Me parece que México no va bien. Desde las situaciones más banales, la Selección mayor de fútbol pierde ante Jamaica y empata con Canadá, pasando por la triste actuación de la delegación mexicana en los pasados Juegos Olímpicos hasta el aterrizaje forzado de la infiltración por parte del narcotráfico de los órganos de combate a la delincuencia organizada y el festinado logro de una reforma petrolera que, si le creemos a los motivos de la iniciativa presidencial, no responde a la solución de los problemas que pretendía resolver; en este rubro, el acuerdo en el Senado se ve como un gran éxito y son muchos los opinadores que lo ven como el inicio de algo nuevo, aun así, tengo para mi, que lo posible, aunque mínimo, en lugar de lo deseable, retratan de forma clara la visión que sobre la administración del Estado vive México.

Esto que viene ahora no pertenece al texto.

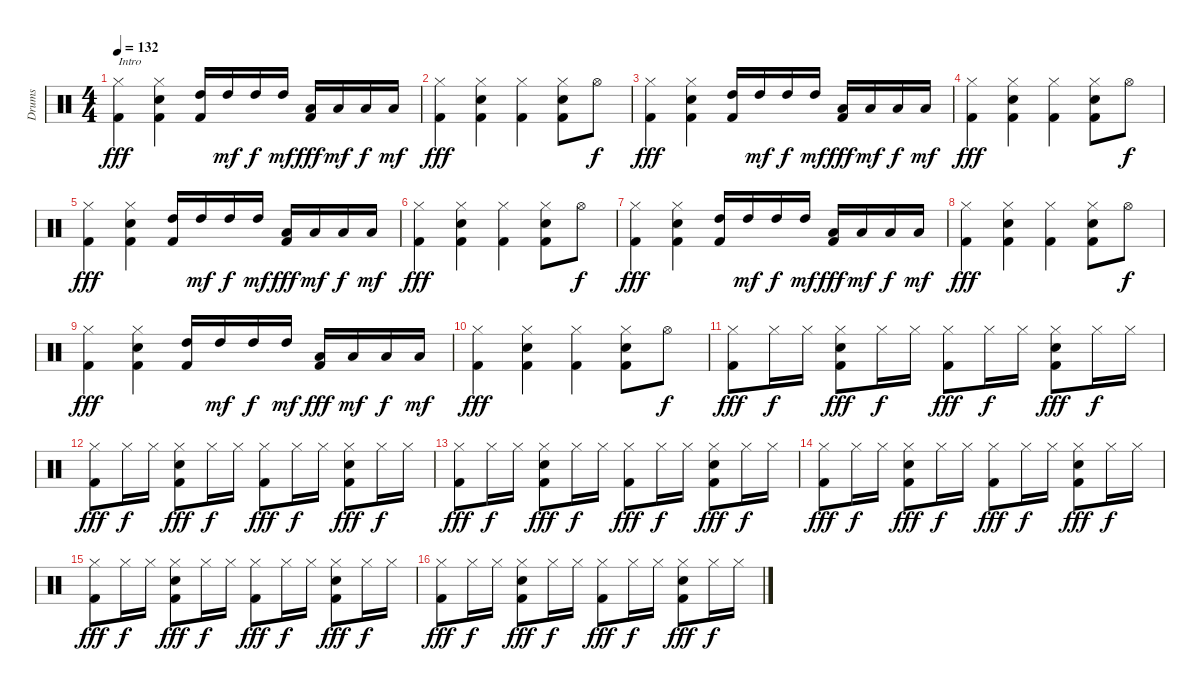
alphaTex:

\track ("Drums" "Drums") {instrument percussion}
\staff {score}
\articulation defaults
\ts (4 4)
\tempo 132
\clef neutral
\ks c
("Hi-Hat (closed)" "Kick (hit) 2").4{txt "Intro" dy fff} ("Hi-Hat (closed)" "Snare (hit) 2" "Kick (hit) 2").4 ("High Tom (hit)" "Kick (hit) 2").16 "High Tom (hit)".16{dy mf} "High Tom (hit)".16{dy f} "High Tom (hit)".16{dy mf} ("Low Tom (hit)" "Kick (hit) 2").16{dy fff} "Low Tom (hit)".16{dy mf} "Low Tom (hit)".16{dy f} "Low Tom (hit)".16{dy mf} |
("Hi-Hat (closed)" "Kick (hit) 2").4{dy fff} ("Hi-Hat (closed)" "Snare (hit) 2" "Kick (hit) 2").4 ("Hi-Hat (closed)" "Kick (hit) 2").4 ("Hi-Hat (closed)" "Snare (hit) 2" "Kick (hit) 2").8 "Hi-Hat (open)".8{dy f} |
("Hi-Hat (closed)" "Kick (hit) 2").4{dy fff} ("Hi-Hat (closed)" "Snare (hit) 2" "Kick (hit) 2").4 ("High Tom (hit)" "Kick (hit) 2").16 "High Tom (hit)".16{dy mf} "High Tom (hit)".16{dy f} "High Tom (hit)".16{dy mf} ("Low Tom (hit)" "Kick (hit) 2").16{dy fff} "Low Tom (hit)".16{dy mf} "Low Tom (hit)".16{dy f} "Low Tom (hit)".16{dy mf} |
("Hi-Hat (closed)" "Kick (hit) 2").4{dy fff} ("Hi-Hat (closed)" "Snare (hit) 2" "Kick (hit) 2").4 ("Hi-Hat (closed)" "Kick (hit) 2").4 ("Hi-Hat (closed)" "Snare (hit) 2" "Kick (hit) 2").8 "Hi-Hat (open)".8{dy f} |
("Hi-Hat (closed)" "Kick (hit) 2").4{dy fff} ("Hi-Hat (closed)" "Snare (hit) 2" "Kick (hit) 2").4 ("High Tom (hit)" "Kick (hit) 2").16 "High Tom (hit)".16{dy mf} "High Tom (hit)".16{dy f} "High Tom (hit)".16{dy mf} ("Low Tom (hit)" "Kick (hit) 2").16{dy fff} "Low Tom (hit)".16{dy mf} "Low Tom (hit)".16{dy f} "Low Tom (hit)".16{dy mf} |
("Hi-Hat (closed)" "Kick (hit) 2").4{dy fff} ("Hi-Hat (closed)" "Snare (hit) 2" "Kick (hit) 2").4 ("Hi-Hat (closed)" "Kick (hit) 2").4 ("Hi-Hat (closed)" "Snare (hit) 2" "Kick (hit) 2").8 "Hi-Hat (open)".8{dy f} |
("Hi-Hat (closed)" "Kick (hit) 2").4{dy fff} ("Hi-Hat (closed)" "Snare (hit) 2" "Kick (hit) 2").4 ("High Tom (hit)" "Kick (hit) 2").16 "High Tom (hit)".16{dy mf} "High Tom (hit)".16{dy f} "High Tom (hit)".16{dy mf} ("Low Tom (hit)" "Kick (hit) 2").16{dy fff} "Low Tom (hit)".16{dy mf} "Low Tom (hit)".16{dy f} "Low Tom (hit)".16{dy mf} |
("Hi-Hat (closed)" "Kick (hit) 2").4{dy fff} ("Hi-Hat (closed)" "Snare (hit) 2" "Kick (hit) 2").4 ("Hi-Hat (closed)" "Kick (hit) 2").4 ("Hi-Hat (closed)" "Snare (hit) 2" "Kick (hit) 2").8 "Hi-Hat (open)".8{dy f} |
("Hi-Hat (closed)" "Kick (hit) 2").4{dy fff} ("Hi-Hat (closed)" "Snare (hit) 2" "Kick (hit) 2").4 ("High Tom (hit)" "Kick (hit) 2").16 "High Tom (hit)".16{dy mf} "High Tom (hit)".16{dy f} "High Tom (hit)".16{dy mf} ("Low Tom (hit)" "Kick (hit) 2").16{dy fff} "Low Tom (hit)".16{dy mf} "Low Tom (hit)".16{dy f} "Low Tom (hit)".16{dy mf} |
("Hi-Hat (closed)" "Kick (hit) 2").4{dy fff} ("Hi-Hat (closed)" "Snare (hit) 2" "Kick (hit) 2").4 ("Hi-Hat (closed)" "Kick (hit) 2").4 ("Hi-Hat (closed)" "Snare (hit) 2" "Kick (hit) 2").8 "Hi-Hat (open)".8{dy f} |
("Hi-Hat (closed)" "Kick (hit) 2").8{dy fff} "Hi-Hat (closed)".16{dy f} "Hi-Hat (closed)".16 ("Hi-Hat (closed)" "Snare (hit) 2" "Kick (hit) 2").8{dy fff} "Hi-Hat (closed)".16{dy f} "Hi-Hat (closed)".16 ("Hi-Hat (closed)" "Kick (hit) 2").8{dy fff} "Hi-Hat (closed)".16{dy f} "Hi-Hat (closed)".16 ("Hi-Hat (closed)" "Snare (hit) 2" "Kick (hit) 2").8{dy fff} "Hi-Hat (closed)".16{dy f} "Hi-Hat (closed)".16 |
("Hi-Hat (closed)" "Kick (hit) 2").8{dy fff} "Hi-Hat (closed)".16{dy f} "Hi-Hat (closed)".16 ("Hi-Hat (closed)" "Snare (hit) 2" "Kick (hit) 2").8{dy fff} "Hi-Hat (closed)".16{dy f} "Hi-Hat (closed)".16 ("Hi-Hat (closed)" "Kick (hit) 2").8{dy fff} "Hi-Hat (closed)".16{dy f} "Hi-Hat (closed)".16 ("Hi-Hat (closed)" "Snare (hit) 2" "Kick (hit) 2").8{dy fff} "Hi-Hat (closed)".16{dy f} "Hi-Hat (closed)".16 |
("Hi-Hat (closed)" "Kick (hit) 2").8{dy fff} "Hi-Hat (closed)".16{dy f} "Hi-Hat (closed)".16 ("Hi-Hat (closed)" "Snare (hit) 2" "Kick (hit) 2").8{dy fff} "Hi-Hat (closed)".16{dy f} "Hi-Hat (closed)".16 ("Hi-Hat (closed)" "Kick (hit) 2").8{dy fff} "Hi-Hat (closed)".16{dy f} "Hi-Hat (closed)".16 ("Hi-Hat (closed)" "Snare (hit) 2" "Kick (hit) 2").8{dy fff} "Hi-Hat (closed)".16{dy f} "Hi-Hat (closed)".16 |
("Hi-Hat (closed)" "Kick (hit) 2").8{dy fff} "Hi-Hat (closed)".16{dy f} "Hi-Hat (closed)".16 ("Hi-Hat (closed)" "Snare (hit) 2" "Kick (hit) 2").8{dy fff} "Hi-Hat (closed)".16{dy f} "Hi-Hat (closed)".16 ("Hi-Hat (closed)" "Kick (hit) 2").8{dy fff} "Hi-Hat (closed)".16{dy f} "Hi-Hat (closed)".16 ("Hi-Hat (closed)" "Snare (hit) 2" "Kick (hit) 2").8{dy fff} "Hi-Hat (closed)".16{dy f} "Hi-Hat (closed)".16 |
("Hi-Hat (closed)" "Kick (hit) 2").8{dy fff} "Hi-Hat (closed)".16{dy f} "Hi-Hat (closed)".16 ("Hi-Hat (closed)" "Snare (hit) 2" "Kick (hit) 2").8{dy fff} "Hi-Hat (closed)".16{dy f} "Hi-Hat (closed)".16 ("Hi-Hat (closed)" "Kick (hit) 2").8{dy fff} "Hi-Hat (closed)".16{dy f} "Hi-Hat (closed)".16 ("Hi-Hat (closed)" "Snare (hit) 2" "Kick (hit) 2").8{dy fff} "Hi-Hat (closed)".16{dy f} "Hi-Hat (closed)".16 |
("Hi-Hat (closed)" "Kick (hit) 2").8{dy fff} "Hi-Hat (closed)".16{dy f} "Hi-Hat (closed)".16 ("Hi-Hat (closed)" "Snare (hit) 2" "Kick (hit) 2").8{dy fff} "Hi-Hat (closed)".16{dy f} "Hi-Hat (closed)".16 ("Hi-Hat (closed)" "Kick (hit) 2").8{dy fff} "Hi-Hat (closed)".16{dy f} "Hi-Hat (closed)".16 ("Hi-Hat (closed)" "Snare (hit) 2" "Kick (hit) 2").8{dy fff} "Hi-Hat (closed)".16{dy f} "Hi-Hat (closed)".16

México no va bien. Estamos inmersos en la vorágine de la violencia producto de la “guerra” contra el narcotráfico; de una difícil situación económica producto de la crisis financiera internacional, la reducción en las remesas y el vaivén de los precios del petróleo; y, en el fondo, somos rehenes de una clase política (en principio, pero no de forma única, también somos prisioneros de los grandes empresarios y su falta de visión para invertir en México en lugar de comprar aviones y departamentos en Miami y, lo que es más grave, de la casi nula existencia de una sociedad civil organizada) que es incapaz de ponerse del lado de la gente porque su dicotomía es la de fortalecer a la partidocracia, aun a costa del país, aun a costa de los ciudadanos. A todo esto, se suma la situación social y los altos niveles de pobreza que azotan a un amplio porcentaje de los mexicanos.
A contracorriente, el problema no es de nuestros políticos sino de la falta de una sociedad civil organizada que pueda exigir y demandar otro comportamiento en nuestras clases dirigentes; que pueda colocar en los lugares de representación y toma de decisiones otro perfil de políticos, diferente que el que tenemos hoy en día, pero para lograrlo, México necesitaría, de forma urgente, un cambio cultural, una revolución ciudadana.
En la raíz, pienso que es necesario cambiar el foco de cómo entendemos la política en México; el foco que ha iluminado nuestra vida pública, ya se fundió y es necesario reemplazarlo.
Al día de hoy, no veo estímulos suficientes para que nuestros políticos tengan que cambiar; los incentivos para comportarse de forma diferente a la que hoy lo hacen, no son lo suficientemente fuertes y, al mismo tiempo, los costos de su actual comportamiento son mínimos: ya están acostumbrados –como los policías— al desprecio de los ciudadanos; a que la palabra político sea sinónimo de corrupción, compadrazgo, mediocridad; a que, --como casi todos los mexicanos sabemos--, la impunidad este siempre por encima de la legalidad y en esto, pareciera que ellos son los principales beneficiarios.
La salida fácil, insisto, es la de culpar a los políticos por todos los males del país; el otro camino, es el de responsabilizar a la sociedad que, en principio, elije a estas representaciones para ocupar su voz y a continuación, no hace nada o hace muy poco para demandarles resultados, exigirles cuentas, cambiar a los que no sirven o no pueden con las responsabilidades que se les entregaron.
Mientras México pierde un tiempo valioso frente a las oportunidades y sobre todo las apuestas estratégicas de países como China, Brasil e India, nuestra clase dirigente sigue perdida y atrapada en el corto plazo; sigue prefiriendo las rentas electorales de la mano del sindicato de maestros en lugar de escuchar los resultados de las evaluaciones de los organismos internacionales sobre los conocimientos de nuestros niños en edad escolar, los cuales son francamente alarmantes; sigue dilatando la evaluación a docentes o apostando por no tocar nada en lo concerniente al sindicato petrolero en aras de una mini reforma. Sigue consiguiendo lo mínimo de lo posible y cada vez más lejos de lo mínimo de lo deseable.
Escribía en alguna otra colaboración que la alternativa esta en los ciudadanos, lo sostengo y cada vez estoy más convencido de que es necesario un profundo cambio cultural. Los políticos no van a cambiar por sí mismos, no importa de qué partido sean, al final, como lo demuestra la reforma electoral, siempre estarán de un lado protegiendo a la partidocracia. Necesitamos de una sociedad civil más fuerte y organizada para que los políticos trabajen para sus electores y el servicio público esté al servicio de la gente.